God, I cannot do this anymore. What are my choices? stop pushing or keep at it. Can someone choose not to push? Can someone walk around the earth and spend the rest of her days pregnant? Would I want that? Considering how the last two months were, the pressure in my back, the discomfort in any position and the mental fog that comes with perpetual bad sleep, plus constipation and the haemorrhoids. What is the alternative? A baby? I decide that pushing forward is the only way out of this.
“The falling action” is the darkest moment for the protagonist. All seems lost.

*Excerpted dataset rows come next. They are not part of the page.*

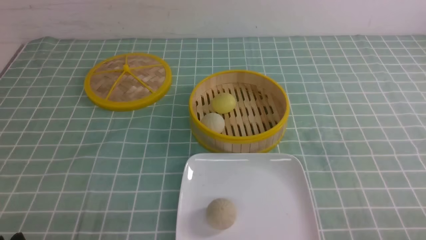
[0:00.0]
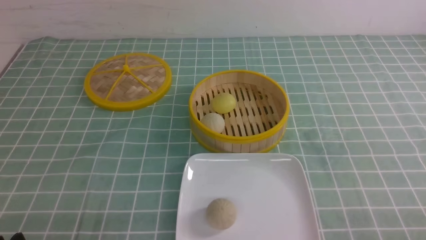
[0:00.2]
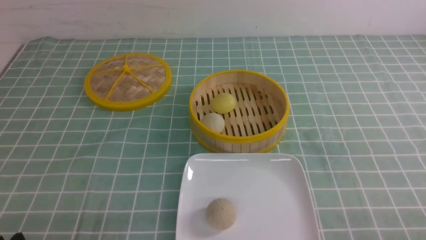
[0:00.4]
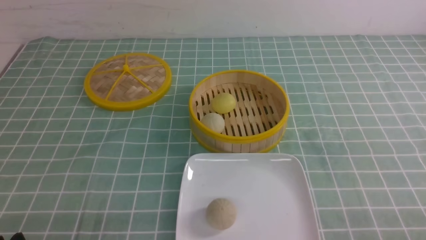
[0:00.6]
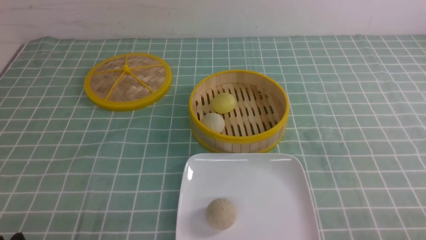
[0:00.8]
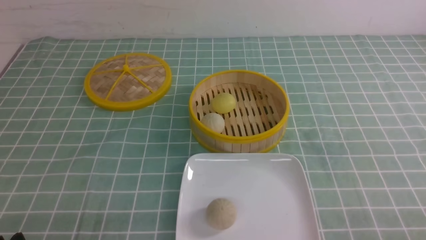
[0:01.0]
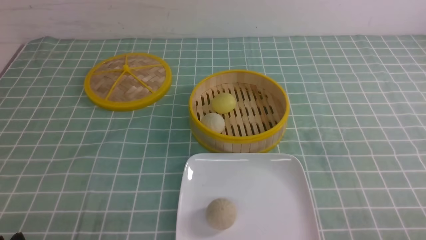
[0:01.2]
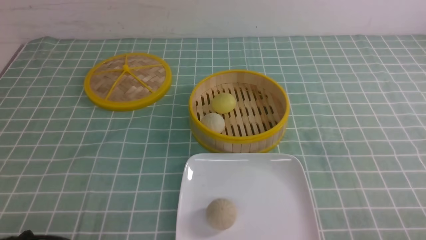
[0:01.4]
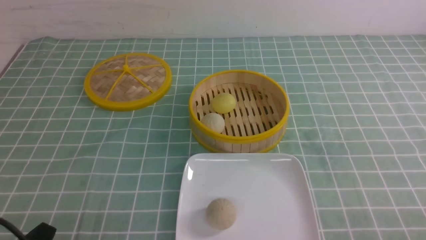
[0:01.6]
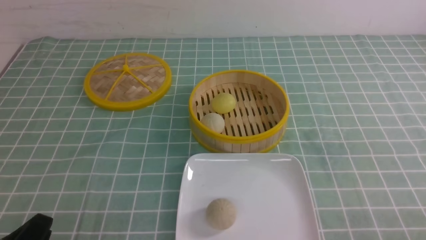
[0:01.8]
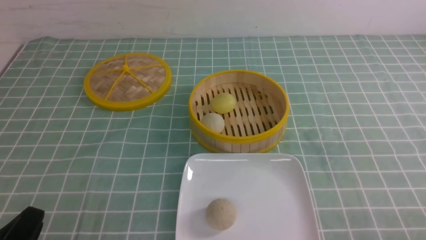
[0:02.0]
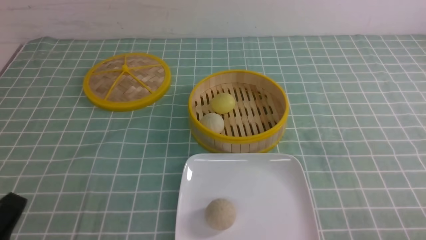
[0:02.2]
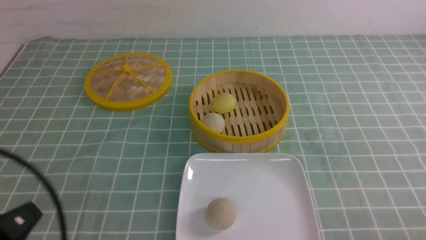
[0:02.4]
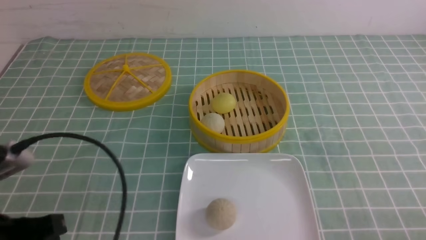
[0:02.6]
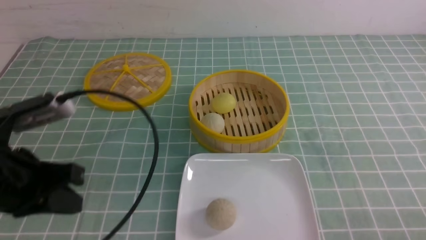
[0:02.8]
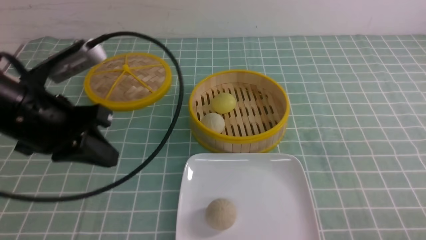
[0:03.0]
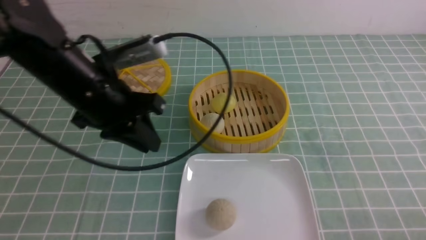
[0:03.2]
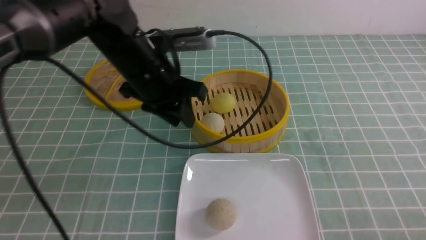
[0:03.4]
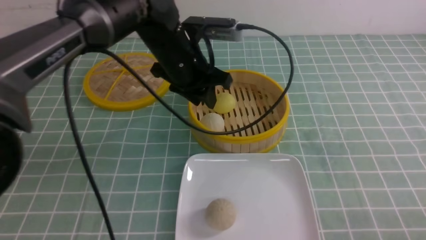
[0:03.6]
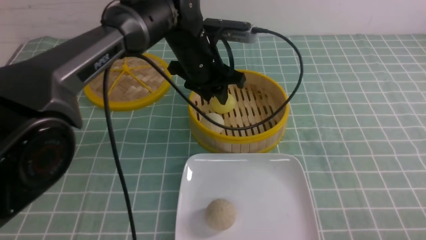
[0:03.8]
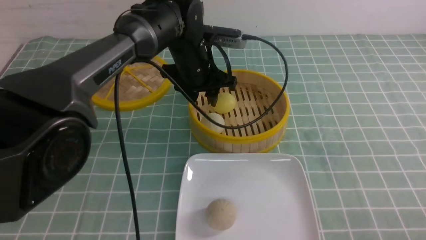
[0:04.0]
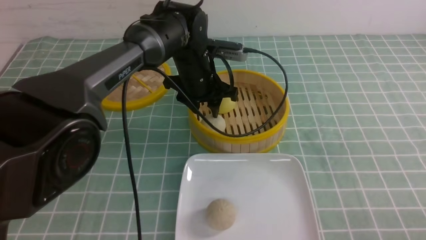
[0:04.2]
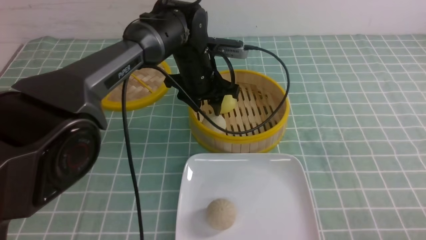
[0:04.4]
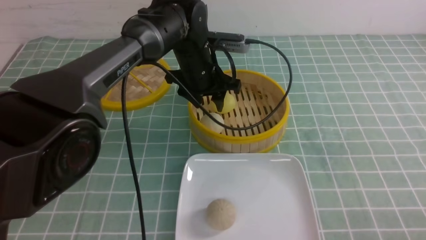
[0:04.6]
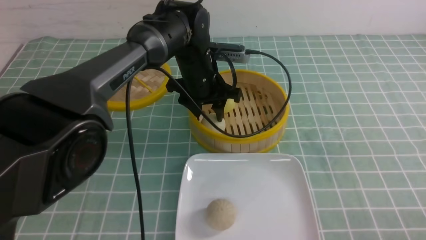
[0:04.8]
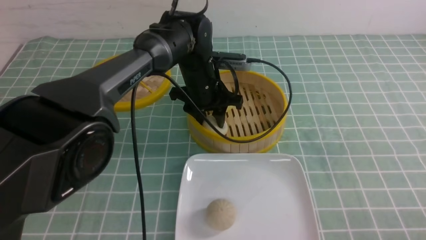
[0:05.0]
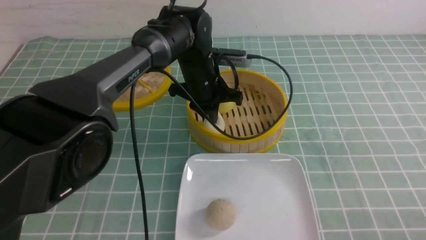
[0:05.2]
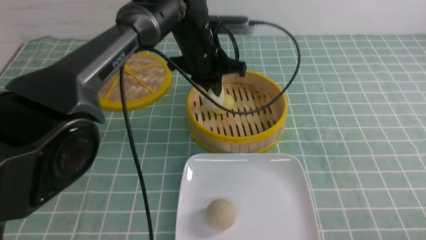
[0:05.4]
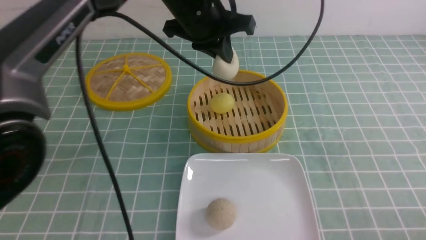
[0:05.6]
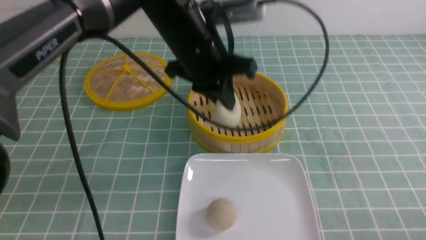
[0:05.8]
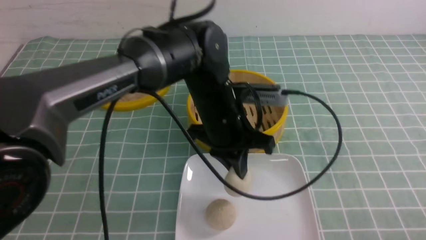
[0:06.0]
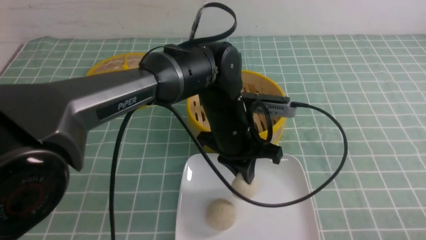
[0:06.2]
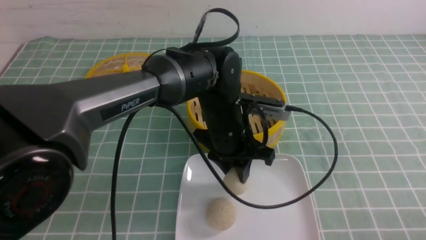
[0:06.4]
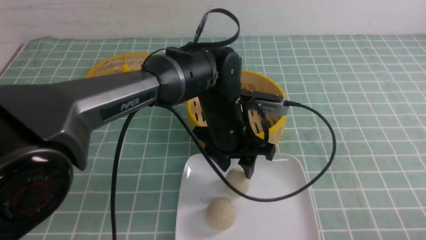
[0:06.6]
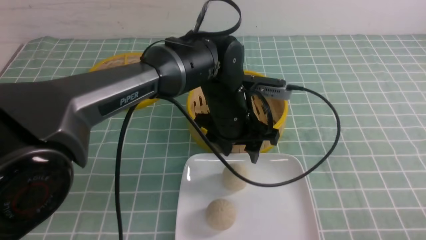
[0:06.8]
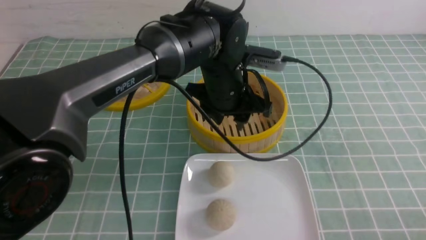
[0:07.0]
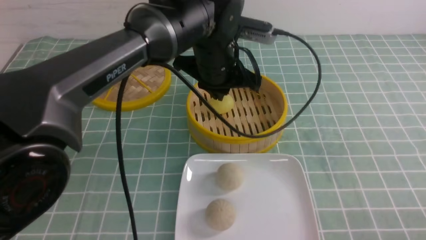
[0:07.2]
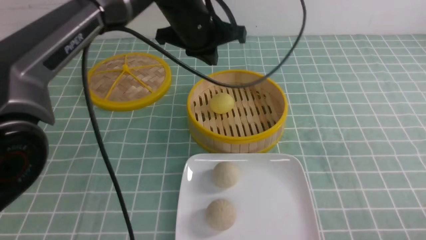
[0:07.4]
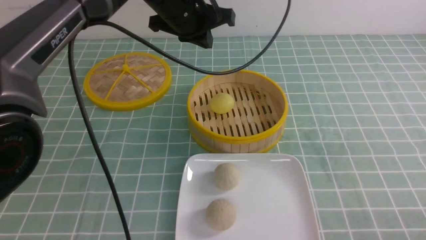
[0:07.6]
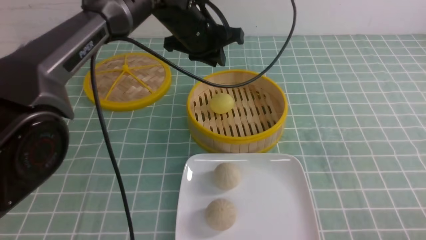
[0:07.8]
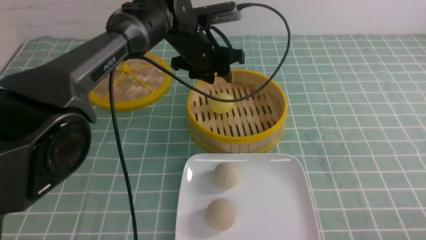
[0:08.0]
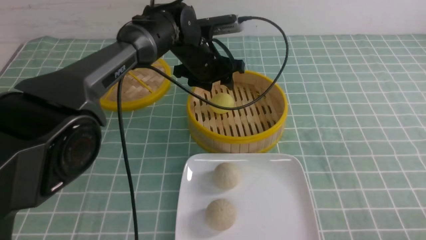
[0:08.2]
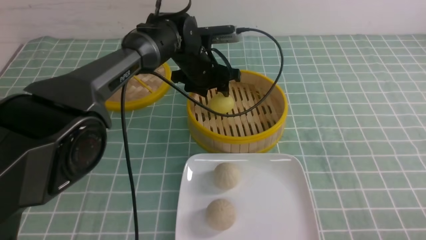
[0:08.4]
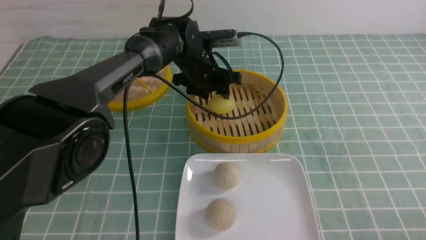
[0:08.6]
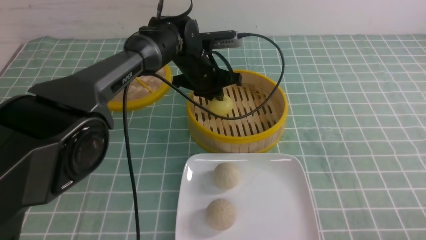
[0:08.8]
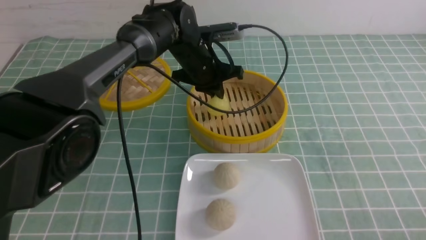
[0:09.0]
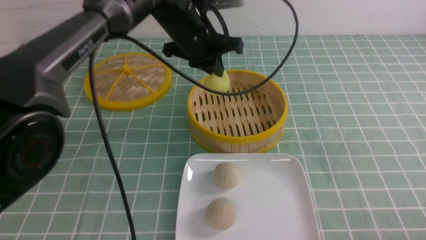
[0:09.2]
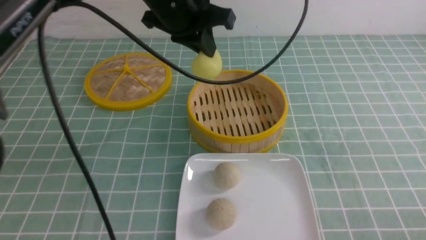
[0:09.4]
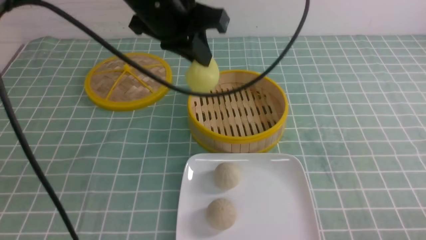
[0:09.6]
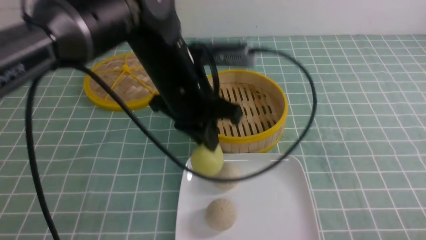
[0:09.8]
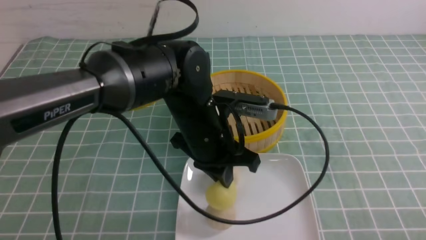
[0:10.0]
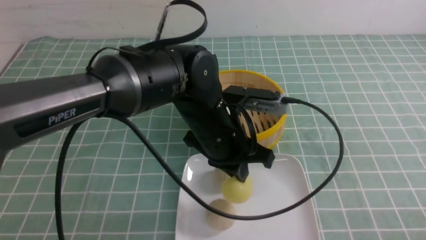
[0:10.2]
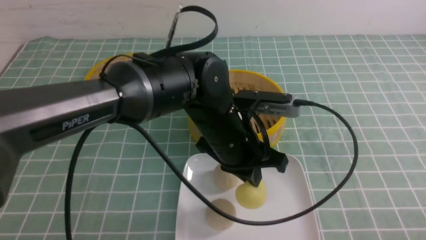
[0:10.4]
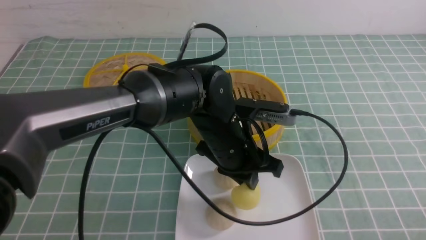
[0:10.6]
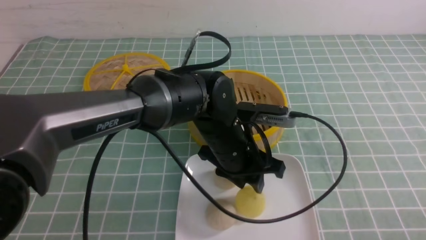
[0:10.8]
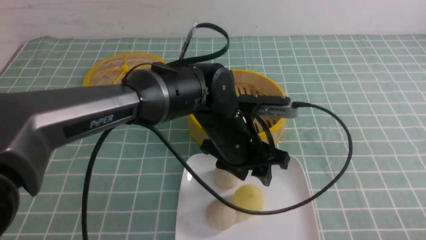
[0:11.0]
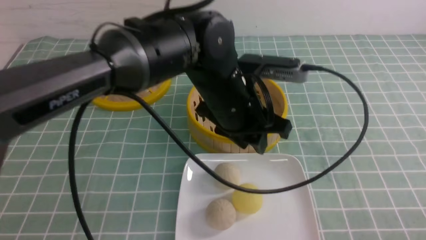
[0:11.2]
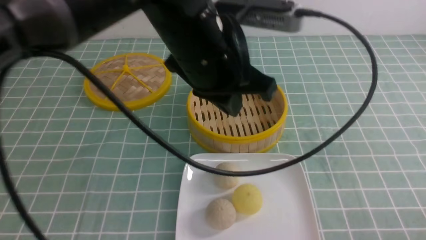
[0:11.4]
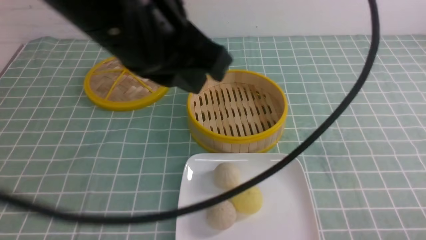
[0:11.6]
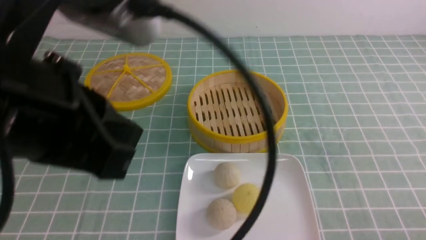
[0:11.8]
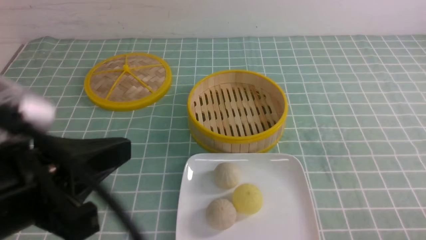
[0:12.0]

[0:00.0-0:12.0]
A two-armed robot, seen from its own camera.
Step, 0:00.0 to 0:05.0: use the left arm to grab the steamed stuffed bun that is closest to it.
Step, 0:05.4 to 0:06.6: use the left arm to put the steamed stuffed bun into the plate.
Step, 0:06.8 to 0:08.8: use the left arm to grab the steamed stuffed bun that is closest to it.
Step, 0:09.0 to 0:10.8: use the left arm to put the steamed stuffed bun into the plate.
0:01.6 to 0:03.0: The left gripper goes about 25 cm forward and upward, and closes its fingers.
0:03.0 to 0:04.4: The left gripper shifts some 25 cm forward, to the right and downward, and opens.
0:04.4 to 0:06.0: The left gripper moves backward, roughly 10 cm, moves about 10 cm upward and comes back, and closes.
0:06.0 to 0:07.6: The left gripper is displaced forward and upward by some 15 cm, and opens and closes again.
0:07.6 to 0:09.0: The left gripper shifts roughly 5 cm downward, and opens, then closes once more.
0:09.0 to 0:10.4: The left gripper is displaced backward by approximately 15 cm.
0:10.4 to 0:12.0: The left gripper travels to the left, backward and upward by about 30 cm, and opens, then closes again.

At some point, despite my best efforts, the baby is not budging. I’m desperate. I want my mum. I say to C, “I wish my mum were here”. The midwife is whispering something in Swedish to another nurse, and they call in the gynaecologist and whisper some more. Things start to happen- they put me on my back, the surgical legs onto the bed and now I really am in the torture rack. The gynaecologist makes a cut somewhere; I cannot tell where since my anatomy feels completely out of place. It could be my vagina, it could be my brain, who knows? She introduces a suction device in me, and I scream like never before while she connects the suction cup to the baby’s head and she pulls.
“The resolution”. So, the protagonist “wins” or loses. We have been conditioned by internet writing that is hellbent on takeaways, so we think everything has to have a moral. Everything has to satisfy the reader in this really superficial way. If you want to push yourself to become a narrative writer with nuance, you can win, but it always comes at a cost.

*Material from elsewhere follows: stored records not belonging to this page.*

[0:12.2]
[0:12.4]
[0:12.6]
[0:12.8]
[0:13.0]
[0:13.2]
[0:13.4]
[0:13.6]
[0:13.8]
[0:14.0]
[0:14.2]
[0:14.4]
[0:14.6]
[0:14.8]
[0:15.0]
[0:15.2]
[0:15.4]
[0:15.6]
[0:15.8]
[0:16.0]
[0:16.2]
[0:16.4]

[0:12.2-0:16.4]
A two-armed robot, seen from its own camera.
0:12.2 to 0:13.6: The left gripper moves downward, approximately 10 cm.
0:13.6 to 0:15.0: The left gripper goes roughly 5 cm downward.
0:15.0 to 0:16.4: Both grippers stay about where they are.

You know the popping sound on the “Lollipop” song by The Chordettes?. This is the only way I can describe the moment of having the head of your baby out of you. The pain disappears like it was never there. I see its face sticking out from my pubic hair and its crumpled nose squashed against its face. I really hope it is a boy because right now it looks like an old man.
“Congratulations! it’s a boy!”
He cries and I breathe out, relieved by many things. The weight of the world is off my shoulders, and it now lies in my arms.
C likes to keep it romantic and says, “Babe, your ‘down there’ is totally devastated”. I laugh, thinking he won’t be getting anywhere close “down there” for a loooong time.
A key to narrative on Substack: Don’t bore readers with the back story. Start in the middle of things.
Once upon a time, I fell in love. And then everything moved fast. We courted in the distance, and after two years of flights, phone calls and romance, the three of us moved in together: C, my biological clock and I. Moving in with your boyfriend to an entirely new country, with new jobs, new culture, and new language with a perpetual tik-tok ringing in your brain is interesting, for lack of a better word.
We need to get me pregnant.
What, now?
Yes.
Don’t you want to see if we get along first?
Dude, I’m almost 35. I am in no position to find out if we get along. I know I like you, and your genetic pool looks pretty neat. Let’s just do this. Worse comes to worse, we share a child.
OK, I guess?
Yeah, that is pretty much how it went when C and I decided to conceive. Practical and to the point. As far as conceptions go, it was as smooth as it gets. The gynaecologist in me was measuring basal temperatures and studying the consistency of my vaginal mucus with the care of a malacologist. Regardless of my anxiety, we hit the jackpot the first time around.
Fuck- murmured C as the line turned red- We didn’t even get to try.
Thank you Bethel. I think none of us knew what we were in for. We took our usual approach. I read everything i could get my hands on. He just went thinking “let’s see what this is about”. We make a good team 😊.
As a man, thank you for describing this process in a way that helped me understand and for C letting me know what not to say.